Собрание Сочинений. Том 1. Произведения 1921-1941 годов. - Хорхе Луис Борхес
Шрифт:
Интервал:
Четвертый перевод (1923–1928) был призван заменить собой предыдущий. Как и третий, он насчитывает шесть томов и выполнен Энно Литтманом, дешифровщиком памятников Аксума, пронумеровавшим 283 эфиопских манускрипта, хранящихся в Иерусалиме, сотрудником «Zeitschrift für Assyriologie»[265]. Лишенный простительных купюр Бертона, его перевод совершенно достоверен. Он не отвлекается на сказочные глупости: он переводит их своим спокойным немецким и совсем редко латынью. Он не пропускает ни единого слова, ни даже тех, что отмечают — тысячу раз — переход от предыдущей ночи к последующей.

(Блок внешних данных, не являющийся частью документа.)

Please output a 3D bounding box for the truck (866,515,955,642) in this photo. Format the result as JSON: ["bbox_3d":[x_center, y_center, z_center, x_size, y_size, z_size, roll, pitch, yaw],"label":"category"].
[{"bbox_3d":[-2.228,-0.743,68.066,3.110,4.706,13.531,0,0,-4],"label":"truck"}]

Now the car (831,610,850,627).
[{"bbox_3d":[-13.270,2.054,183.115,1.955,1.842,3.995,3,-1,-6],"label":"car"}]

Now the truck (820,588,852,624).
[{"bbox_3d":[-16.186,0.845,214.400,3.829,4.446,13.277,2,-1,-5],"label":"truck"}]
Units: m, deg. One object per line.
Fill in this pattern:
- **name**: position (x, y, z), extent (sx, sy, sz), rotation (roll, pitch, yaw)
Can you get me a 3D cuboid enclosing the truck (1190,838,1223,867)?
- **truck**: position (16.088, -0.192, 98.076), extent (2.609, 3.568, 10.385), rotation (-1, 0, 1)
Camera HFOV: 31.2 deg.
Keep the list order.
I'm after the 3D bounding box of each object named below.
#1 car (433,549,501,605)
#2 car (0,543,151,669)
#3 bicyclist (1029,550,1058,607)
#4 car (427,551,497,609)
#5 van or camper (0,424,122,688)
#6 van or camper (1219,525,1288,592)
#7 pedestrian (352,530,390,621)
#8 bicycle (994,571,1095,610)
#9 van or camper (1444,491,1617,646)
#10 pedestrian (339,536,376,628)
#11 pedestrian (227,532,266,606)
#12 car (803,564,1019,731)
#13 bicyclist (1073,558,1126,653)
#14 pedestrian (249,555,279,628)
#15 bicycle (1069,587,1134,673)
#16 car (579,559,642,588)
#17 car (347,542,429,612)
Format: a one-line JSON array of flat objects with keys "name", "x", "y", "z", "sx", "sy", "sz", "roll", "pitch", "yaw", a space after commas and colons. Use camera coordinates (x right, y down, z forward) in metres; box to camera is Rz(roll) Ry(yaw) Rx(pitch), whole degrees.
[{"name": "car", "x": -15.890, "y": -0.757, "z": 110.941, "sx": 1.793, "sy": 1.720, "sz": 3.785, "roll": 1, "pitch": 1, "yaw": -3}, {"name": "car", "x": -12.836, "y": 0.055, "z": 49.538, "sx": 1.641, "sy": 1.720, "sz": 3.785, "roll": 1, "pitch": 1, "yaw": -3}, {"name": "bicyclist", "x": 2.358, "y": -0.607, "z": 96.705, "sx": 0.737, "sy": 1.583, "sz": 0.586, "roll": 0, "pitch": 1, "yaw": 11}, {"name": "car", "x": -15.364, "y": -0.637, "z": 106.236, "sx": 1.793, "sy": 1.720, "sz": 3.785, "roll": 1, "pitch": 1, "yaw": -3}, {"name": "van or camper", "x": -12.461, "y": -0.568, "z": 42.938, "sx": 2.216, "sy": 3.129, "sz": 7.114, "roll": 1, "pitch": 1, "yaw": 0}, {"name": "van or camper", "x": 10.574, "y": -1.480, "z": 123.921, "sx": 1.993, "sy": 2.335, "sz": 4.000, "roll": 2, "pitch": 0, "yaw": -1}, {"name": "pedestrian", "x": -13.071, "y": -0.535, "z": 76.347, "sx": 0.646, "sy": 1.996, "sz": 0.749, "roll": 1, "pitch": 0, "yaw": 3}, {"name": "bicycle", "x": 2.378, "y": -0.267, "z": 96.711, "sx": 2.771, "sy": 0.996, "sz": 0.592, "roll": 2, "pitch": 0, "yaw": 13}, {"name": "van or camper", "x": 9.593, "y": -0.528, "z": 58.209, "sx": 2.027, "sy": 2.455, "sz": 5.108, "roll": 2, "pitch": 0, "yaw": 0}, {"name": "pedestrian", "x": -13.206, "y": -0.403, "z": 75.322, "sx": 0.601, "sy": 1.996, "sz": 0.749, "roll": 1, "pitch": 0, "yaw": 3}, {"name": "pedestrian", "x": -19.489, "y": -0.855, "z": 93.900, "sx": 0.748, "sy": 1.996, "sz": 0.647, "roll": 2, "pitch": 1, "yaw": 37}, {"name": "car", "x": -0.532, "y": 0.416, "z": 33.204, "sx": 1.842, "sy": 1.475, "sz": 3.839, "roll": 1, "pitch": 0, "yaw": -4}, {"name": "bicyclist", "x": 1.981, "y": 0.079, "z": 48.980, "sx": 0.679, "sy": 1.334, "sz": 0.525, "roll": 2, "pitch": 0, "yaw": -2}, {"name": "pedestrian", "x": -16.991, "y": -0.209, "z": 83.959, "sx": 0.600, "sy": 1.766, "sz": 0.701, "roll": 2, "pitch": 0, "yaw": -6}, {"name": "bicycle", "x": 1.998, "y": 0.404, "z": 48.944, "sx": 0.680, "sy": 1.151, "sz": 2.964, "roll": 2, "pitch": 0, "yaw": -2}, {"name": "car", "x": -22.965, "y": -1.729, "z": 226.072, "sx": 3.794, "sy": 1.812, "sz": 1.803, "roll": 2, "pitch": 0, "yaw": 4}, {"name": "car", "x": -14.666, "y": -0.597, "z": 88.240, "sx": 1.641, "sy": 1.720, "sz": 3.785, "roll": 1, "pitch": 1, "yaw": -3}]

Он либо не обращает внимания на местный колорит, либо отказывается от него; он считает необходимым указать издателям, чтобы имя «Аллах» было сохранено и не заменялось «Богом». Так же как Бертон и Джон Пейн, он переводит арабский стих европейским. Он гениально замечает, что, если после ритуального предупреждения «имярек произнес такие стихи» следует абзац немецкой прозы, его читатели будут обескуражены. Для правильного понимания текста он снабжает его необходимыми примечаниями: по двадцать в каждом томе, все очень лаконичные. Он всегда ясен, легко читаем, усерден. Он воспроизводит (как говорят) дыхание подлинника. Если Британская энциклопедия не ошибается, его перевод — лучший из всех имеющихся. Я слышал, что арабисты с этим согласны; и если обыкновенный писатель — даже из обыкновенной Аргентинской республики — предпочитает не согласиться, это ничего не значит.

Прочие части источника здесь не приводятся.